Newly promoted managers are often loathe to delegate as they try to prove that they
can do their job, delegation being perceived as a form of weakness or an inability
to do their job, or that the feeling pervades that they are the best person for the job.
The act of delegating is a way of putting heads together, using more than one brain to
complete tasks and solve problems – it helps raise motivation in the team and gives a
manager an excellent view of the abilities in the team.
If we return to dictionary definitions – a manager is a person who manages people and
tasks – ensuring that the job gets done, not necessarily doing the job, otherwise they
would be called “doers”.
One of the key aspects of managing is developing the skills of team members, whilst
ensuring that work is distributed evenly according to the skills and abilities available.There is sometimes a danger that a manager will create tensions in a team by
delegating to people whom they consider are trustworthy to execute tasks,
whilst not delegating to those they do not trust – the ideal is to be able to
develop members of the team by instilling trust.
There are risks involved, of course, but a manager should be able to evaluate the
risks alongside the gains of delegating as long as it is done logically, there should be
minimal risks, keeping in mind that certain tasks and authority will not be able to
Tasks that fall into this category will probably be recruitment, sacking or dismissals,
disciplinary issues, salary issues and regulations and general policy.
If you, as a manager, delegate a task to a team member, you will delegate the
authority to do the task but you will be ultimately responsible for the execution
of the task, on schedule and correctly.
It is a fairly straightforward process that many managers already do without
really thinking about it, we call it the STAR process:
1. Select the person for the task who has the necessary skills to carry out the task.
2. Ensure that the person you have selected has sufficient time to carry out the task,
not only the task in question, but also in view of their existing workload.
3. The person to who a task is delegated must be invested with sufficient authority
to carry out the task and it is important that others are aware of this too, especially
if they work in a transversal role or in project mode.
4. Responsibility for the completion of the task is ultimately the manager’s.
However, the delegee needs to have a certain level of responsibility to the manager
for the completion of the task.
One of way of overcoming this is to be very clear that both credit and failure will be
shared by the manager and the team member.
Very often, credit is given to the manager, when things turn out well with little recognition
for the person who executed the task – this needs to be addressed in order that delegation
becomes a natural team phenomena.
When tasks have been delegated it is very important that communication becomes a two-way
process between delegator and delegee to ensure that tasks can be followed through their
duration and that contingency plans can be anticipated where necessary.

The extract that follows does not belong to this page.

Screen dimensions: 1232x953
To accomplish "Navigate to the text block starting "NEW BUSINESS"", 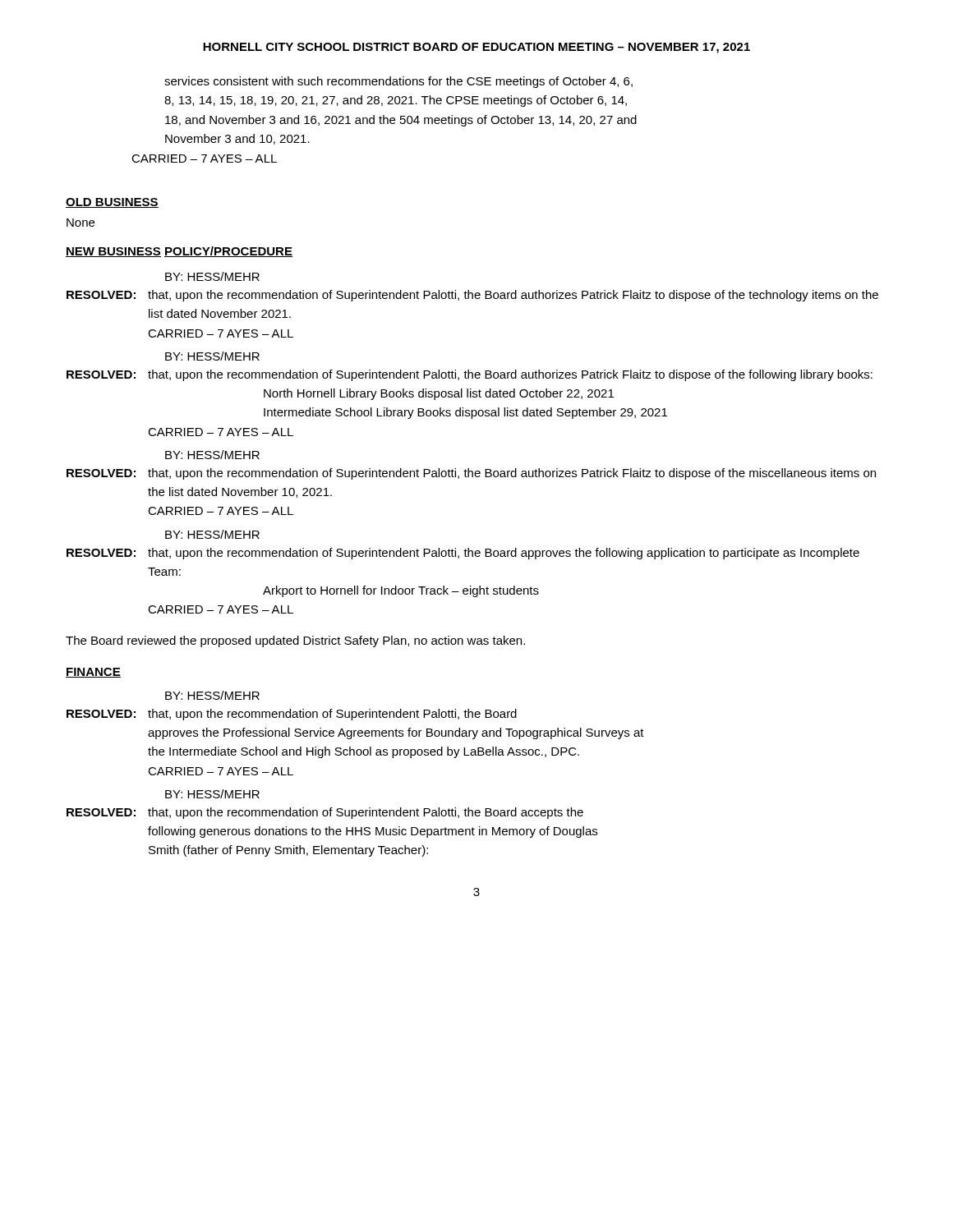I will (x=113, y=251).
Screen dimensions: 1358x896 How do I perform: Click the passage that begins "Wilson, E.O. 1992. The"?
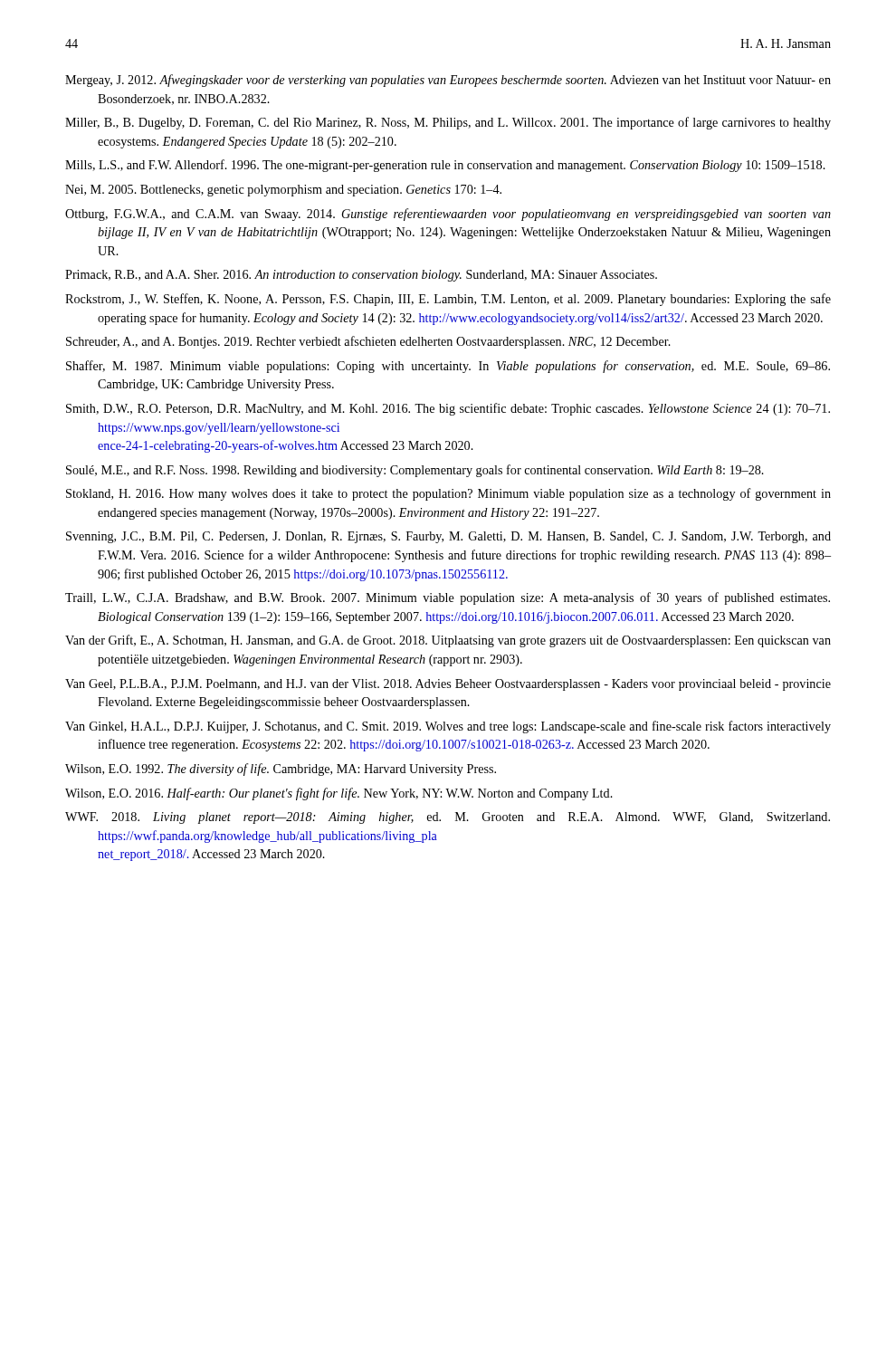281,769

It is also important that delegation becomes part of the people development process,
feedback, planning, goal and action step setting are necessary to ensure that those that
are learning are helped to develop, whilst developing other members into roles where
they develop skills through delegation.
Basically the process involves the following:
WHAT – Determine the tasks that can be delegated.
WHEN – Clarify the results that you expect, along with the timescale for the completion of tasks.

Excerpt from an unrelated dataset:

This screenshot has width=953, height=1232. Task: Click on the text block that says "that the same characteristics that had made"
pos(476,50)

HOW – Empower the team member to carry out the tasks in the way that they see most appropriate
– don’t dictate How you want things doing, this will destroy all notion of autonomy that you
are trying to build.
WHERE – Define the boundaries of responsibility, ensuring that this is clearly understood
by the team member.
Set up communication channels and how you will feed back and touch base on the delegated tasks.
Communicate to others, especially if you are working in project or transverse roles, the scope and
range of the authority given to the team member accomplish the task.
Avoid reversals in delegation, where the team member re-delegates the tasks to others or attempts
to dump the delegation back on the manager.
If the manager takes tasks back, they could damage the confidence that was gained in the person
and provoke imbalance in the team, where relationships within the team and with management
could be damaged.
Delegation has numerous benefits, it is a two-way process that helps :
Develop team member skills
Implicate team members in the work of the company / department
Give managers time to network / benchmark with other managers
Improve relationships and confidence in the team
Share workloads more evenly
Evaluate the skills and competences in the team
Give learning opportunities to team members
If you want to have more quality time for yourself and for your team, whilst developing the
skills and the autonomy of your team – delegate now!